El dinero en juego es astronómico. El costo de licencias oscila entre $270.000 en Chicago a aproximadamente $400.000 en Miami, a más de $1.000.000 en la ciudad de Nueva York. Hay más de 13.600 taxis en la ciudad de Nueva York, así como otros 40.000 licenciados para vehículos “for-hire” que proveen transporte compartido. Así que pueden hacer los cálculos.
En esto, llegan Uber y Lyft, que funcionan como empresas de libre mercado casi puro. Conductores privados están conectados con clientes particulares a través de la aplicación de Uber o Lyft que cada uno tiene en su teléfono. Como cliente, se puede obtener una estimación del costo antes de contratar. Una vez que la aplicación hace la conexión, aparecen una foto del conductor y del auto, junto con un mapa que rastrea la cercanía del auto respecto al cliente y su hora estimada de llegada.
Ahora ya he tenido cuatro experiencias Uber. Los cuatro vehículos estaban más limpios que el taxi típico. Todos llegaron rápidamente (dos de ellos llegaron en un minuto), los conductores desde cordiales hasta amigables, y el costo de cada viaje fue, en promedio, 40 por ciento menor que un taxi.
Así que los carteles de taxis están amenazados, y a su vez, presionan a los políticos que les vendieron las carísimas licencias. “Estamos perdiendo dinero en nuestra inversión”, alegan, ya que muchos clientes prefieren Uber. “Teníamos un acuerdo de que protegerían nuestro monopolio.”
Aún más: la protección del gobierno siempre viene con condiciones, y los taxis están sujetos a todo tipo de reglas y supervisiones. Así que “no es justo”, las compañías de taxis se quejan, señalando que los conductores de Uber no están sujetos ni de cerca a tantas regulaciones.
Por supuesto, eso es como meterse en la cama con el gobierno, y luego quejarse de que la vida sexual de los otros no está tan controlada.
Lo que nos lleva al principio político. El hecho de que alguien se queje de Uber y Lyft debería enfurecernos. ¿Quién eres tú para decirle a Rafael, mi joven conductor cubano, que no puede ganar $20 por llevarme al aeropuerto? ¿Quién eres tú para decirme a mi que no tengo permitido utilizar la aplicación de Uber para encontrar otras personas dispuestas a transportarme?
Rafael está tratando de hacer una vida honesta, proporcionando un servicio útil. Es su auto, es mi dinero, es mi elección, y es su vida. ¿Por qué debería un político o una empresa de taxis tener absolutamente algo que decir al respecto?
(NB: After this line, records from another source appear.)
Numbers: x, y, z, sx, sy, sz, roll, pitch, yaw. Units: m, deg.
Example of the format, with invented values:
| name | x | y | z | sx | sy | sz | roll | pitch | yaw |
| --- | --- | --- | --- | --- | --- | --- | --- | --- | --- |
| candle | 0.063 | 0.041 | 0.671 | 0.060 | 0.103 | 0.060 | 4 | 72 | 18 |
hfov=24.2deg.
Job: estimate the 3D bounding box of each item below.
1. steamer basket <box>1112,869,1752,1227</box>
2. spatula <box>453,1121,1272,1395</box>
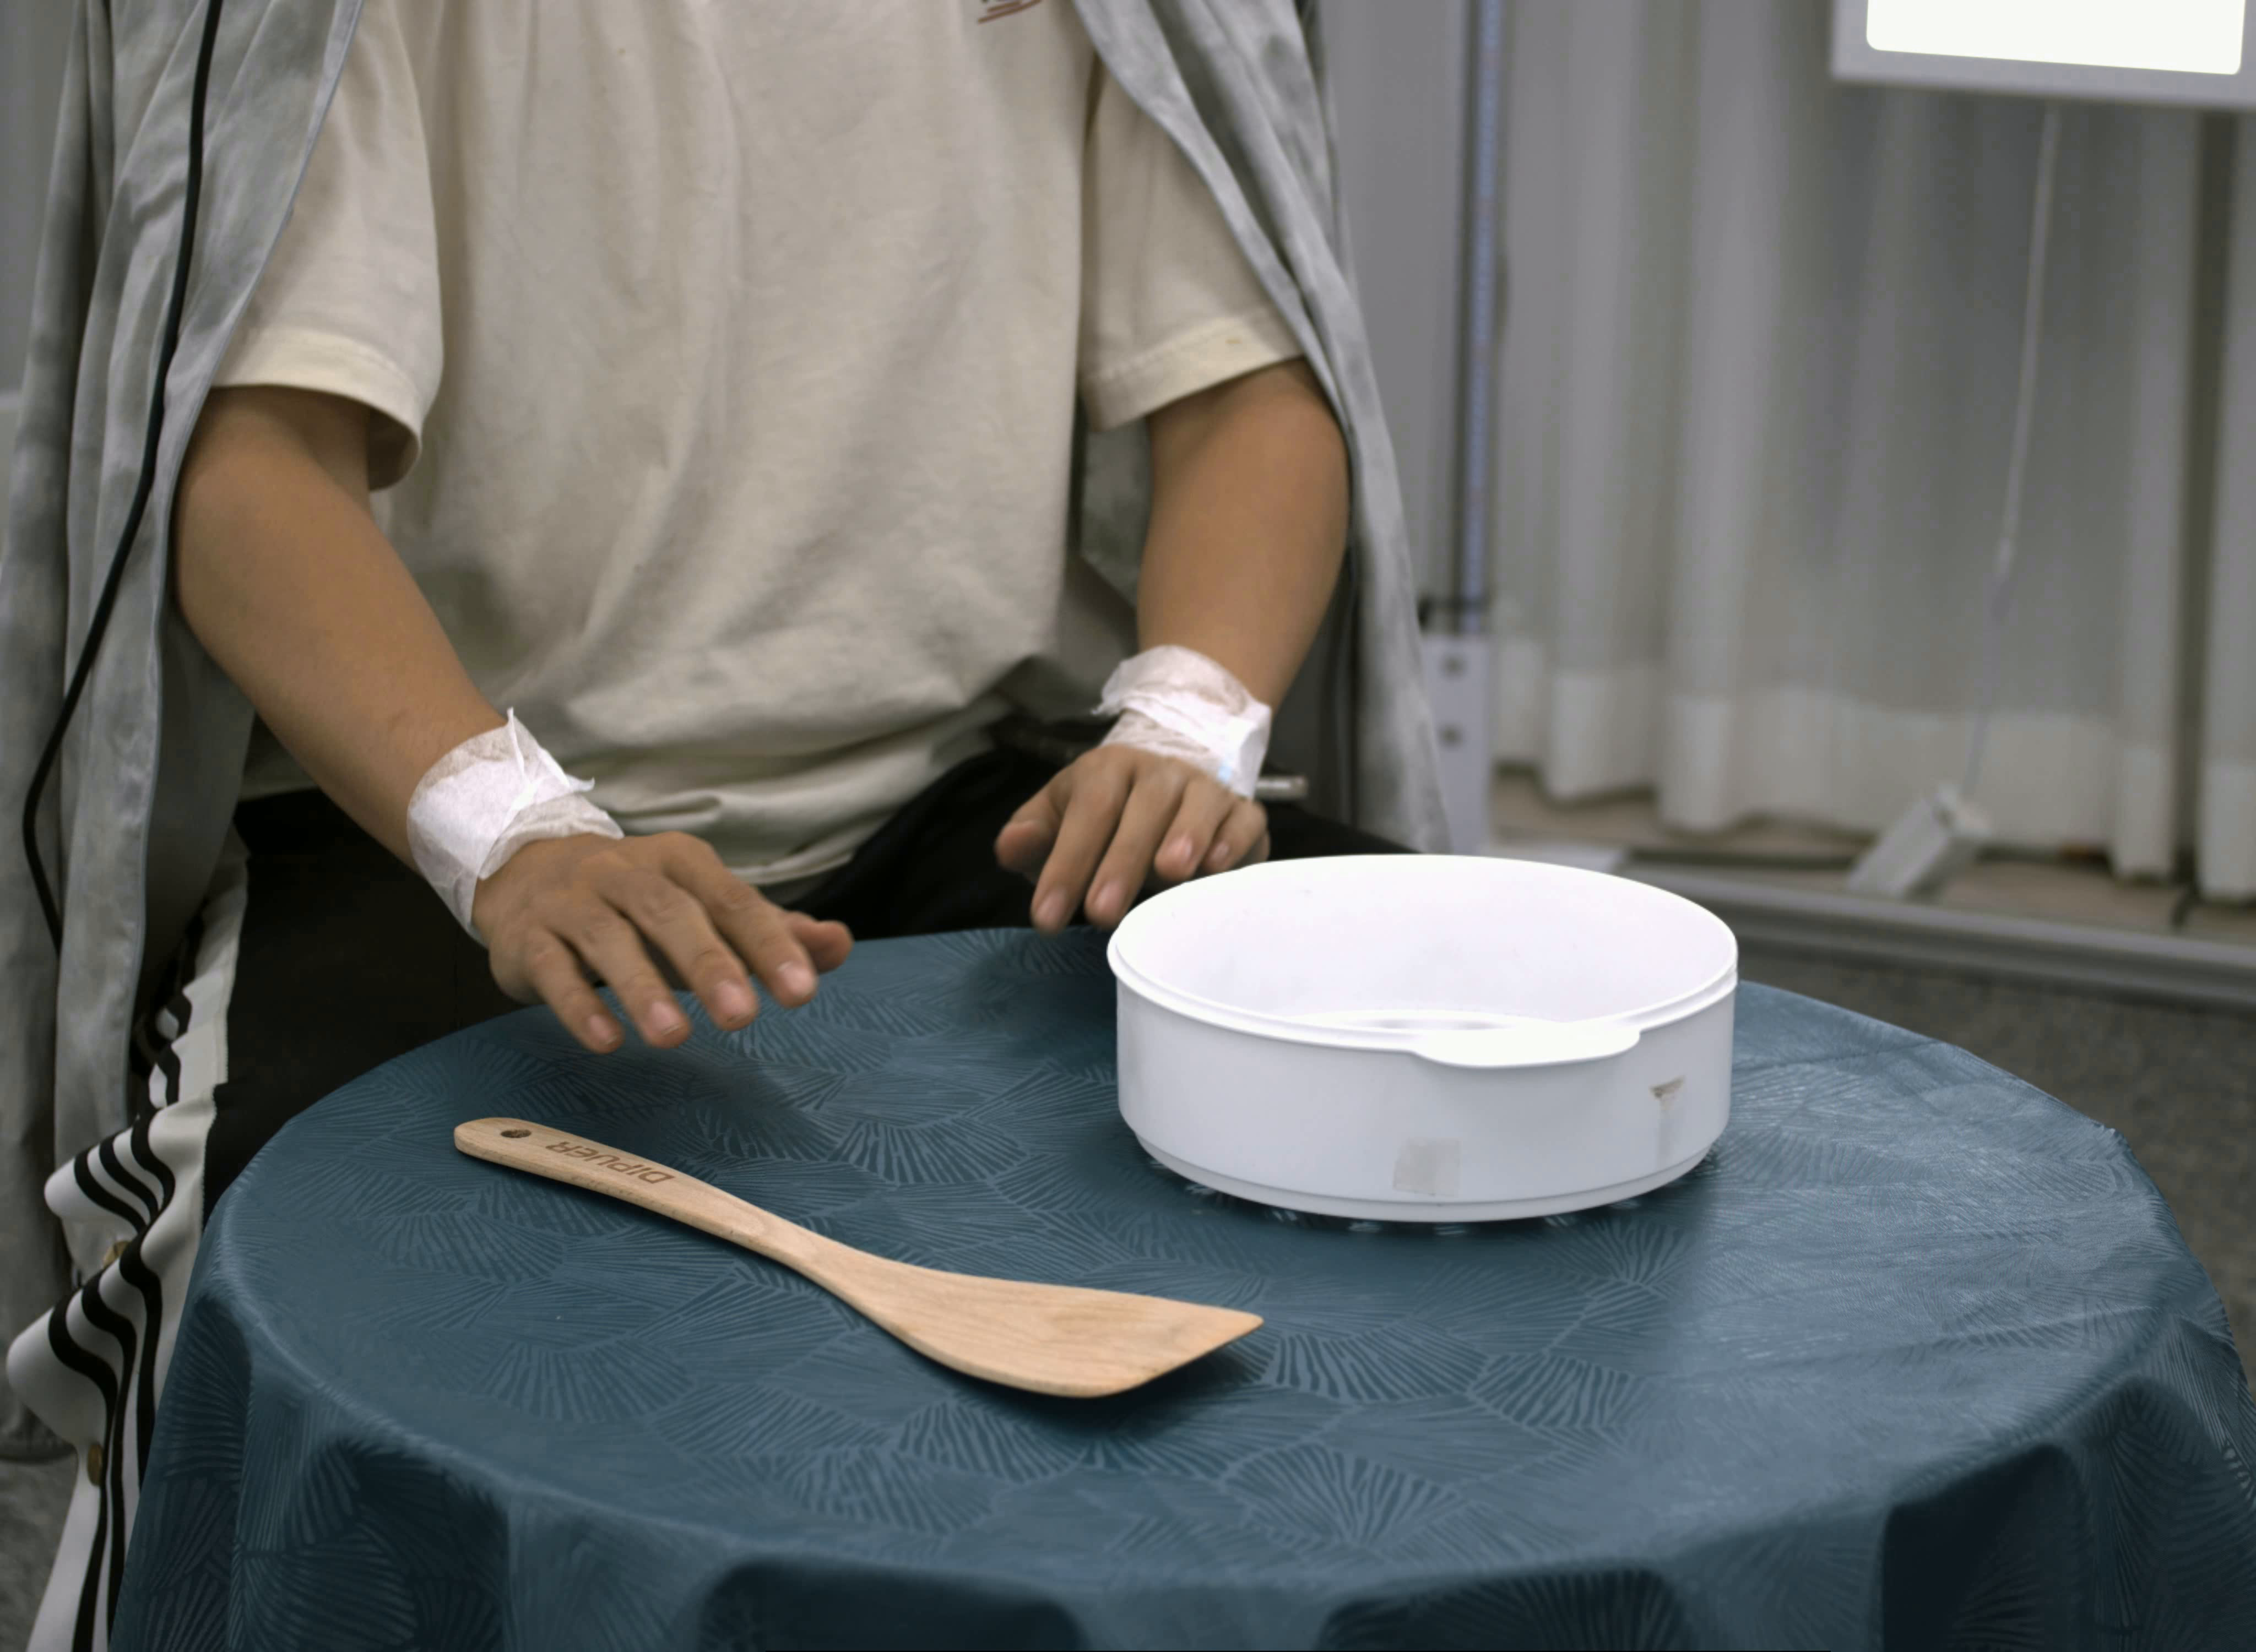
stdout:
| name | x | y | z | sx | sy | sz | roll | pitch | yaw |
| --- | --- | --- | --- | --- | --- | --- | --- | --- | --- |
| steamer basket | 0.095 | 0.069 | 1.662 | 0.202 | 0.070 | 0.228 | -2 | 15 | -15 |
| spatula | -0.091 | 0.122 | 1.553 | 0.323 | 0.016 | 0.080 | 15 | 20 | 42 |

Claramente no deberían.
Supongamos que Rafael fuera mi vecino o simplemente un tipo simpático que se ofreció a llevarme al aeropuerto de forma gratuita. Deberíamos ser perfectamente libres de hacerlo. Supongamos ahora que estoy dispuesto a darle $20 por hacerlo. Nada en principio ha cambiado; los dos somos agentes libres llegando a un acuerdo de mutuo beneficio.
(Soy un fan de Timothy Sandefur’s The Right to Make a Living — el derecho a ganarse la vida — que argumenta este punto con mucho mayor detalle moral, político y jurídico.)
Mi conductor Rafael escapó de un gobierno cubano que frena y destruye vidas como una cuestión de principios políticos. Y logró emigrar a los Estados Unidos de América, en donde está trabajando duro para hacer realidad el sueño de una buena vida para él y su familia.
Los rivales de Uber podrán desear limitar las opciones de Rafael, transformando en ilegal su medio de vida. Pero el resto de nosotros puede y debería celebrar las tecnologías innovadoras que las empresas como Uber están creando, la comodidad y el ahorro de costos que ofrecen a los clientes, y las oportunidades de hacer dinero que están proporcionando a sus muchos conductores.
Y podemos insistir en el principio moral: Las personas libres pueden tomar sus propias decisiones y hacer sus propios acuerdos.
Los políticos protectores y los empresarios crony deberían comenzar a retroceder.